After two seasons, Reeves decided not to renew his contract and left the show. He was frustrated with his low salary, the one-dimensional nature of his character, and how associating himself with Superman had ruined his credibility as a dramatic actor. At 40 years old, he also felt uncomfortable playing such an intensely physical role.
Eager to jump-start his failing career, Reeves established his own production company and conceived a TV adventure series called Port of Entry, which was to be shot on location in Hawaii and Mexico. Reeves wrote the pilot script himself. However, the producers of Superman, unable to find a suitable replacement, lured him back to the show with a major salary increase. He was reportedly making $5,000 per week, but only while the show was in production. Reeves was never able to gain financing for his Port of Entry project, and the show was never made.
In 1957, the producers considered making a theatrical film: Superman and the Secret Planet. A script was commissioned from David Chantler, who had written many of the TV scripts. In 1959, however, negotiations began for a renewal of the series, with 26 episodes scheduled to go into production. By mid-1959, contracts were signed, costumes refitted, and new teleplay writers assigned. Noel Neill was quoted as saying that the cast of Superman was ready to do a new series of the still-popular show.
His good friend Bill Walsh, a producer at Disney Studios, gave Reeves a prominent role in Westward Ho the Wagons!, in which Reeves wore a beard and mustache; it would be his final film appearance. Attempting to showcase his versatility, Reeves performed a song on the Tony Bennett show in August 1956. He appeared as Superman on I Love Lucy in 1957. Character actor Ben Welden had acted with Reeves in the Warner Bros. days and frequently guest-starred on Superman. He said, "After the I Love Lucy show, Superman was no longer a challenge to him... I know he enjoyed the role, but he used to say, 'Here I am, wasting my life.'"
Reeves, Noel Neill, Natividad Vacío, Gene LeBell, and a trio of musicians toured with a public-appearance show from 1957 onward. The first half of the show was a Superman sketch in which Reeves and Neill performed with LeBell as a villain called "Mr. Kryptonite" who captured Lois Lane. Kent then rushed offstage to return as Superman, who came to the rescue and fought with the bad guy. The second half of the show was Reeves out of costume as himself, singing and accompanying himself on the guitar. Vacio and Neill accompanied him in duets.
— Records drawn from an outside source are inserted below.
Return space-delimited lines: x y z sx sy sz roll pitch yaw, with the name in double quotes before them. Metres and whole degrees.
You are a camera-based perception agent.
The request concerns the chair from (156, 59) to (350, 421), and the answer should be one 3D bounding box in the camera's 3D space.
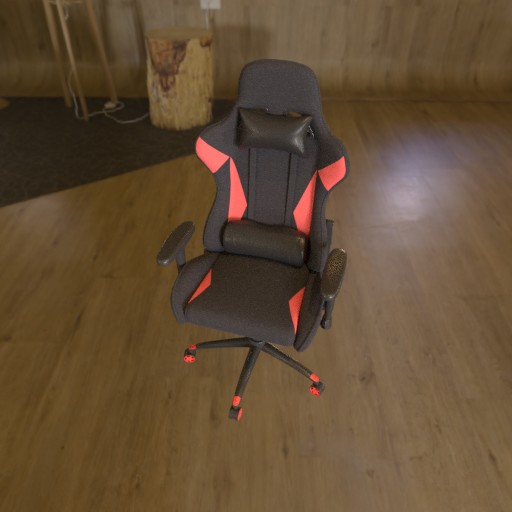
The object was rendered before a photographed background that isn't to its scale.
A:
"chair" 0.000 0.000 1.734 0.695 1.326 0.658 11 40 13
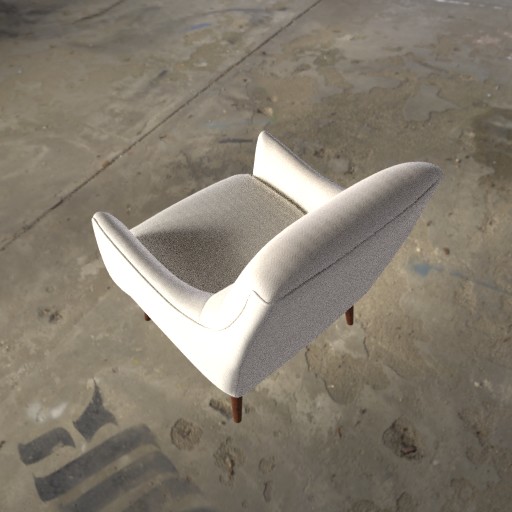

Reeves and Toni Mannix split in 1958 and Reeves announced his engagement to society playgirl Leonore Lemmon. Reeves was apparently scheduled to marry Lemmon on June 19 and then spend their honeymoon in Tijuana. He complained to friends, columnists, and his mother about his financial problems. The planned revival of Superman was apparently a small lifeline. Reeves had also hoped to direct a low-budget science-fiction film written by a friend from his Pasadena Playhouse days, and he had discussed the project with his first Lois Lane, Phyllis Coates, the previous year. However, Reeves and his partner failed to find financing, and the film was never made. Another Superman stage show was scheduled for July with a planned stage tour of Australia. Reeves had options for making a living, but those options apparently all involved playing Superman again—a role that he was not eager to reprise at age 45.
Jack Larson and Noel Neill both remembered Reeves as a noble Southern gentleman with a sign on his dressing room door that said "Honest George, the people's friend". Reeves had been made a "Kentucky Colonel" during a publicity trip in the South, and the sign on his dressing room door was replaced with a new one that read "Honest George, also known as Col. Reeves", created by the show's prop department. A photo of a smiling Reeves and the sign appears in Gary Grossman's book about the show.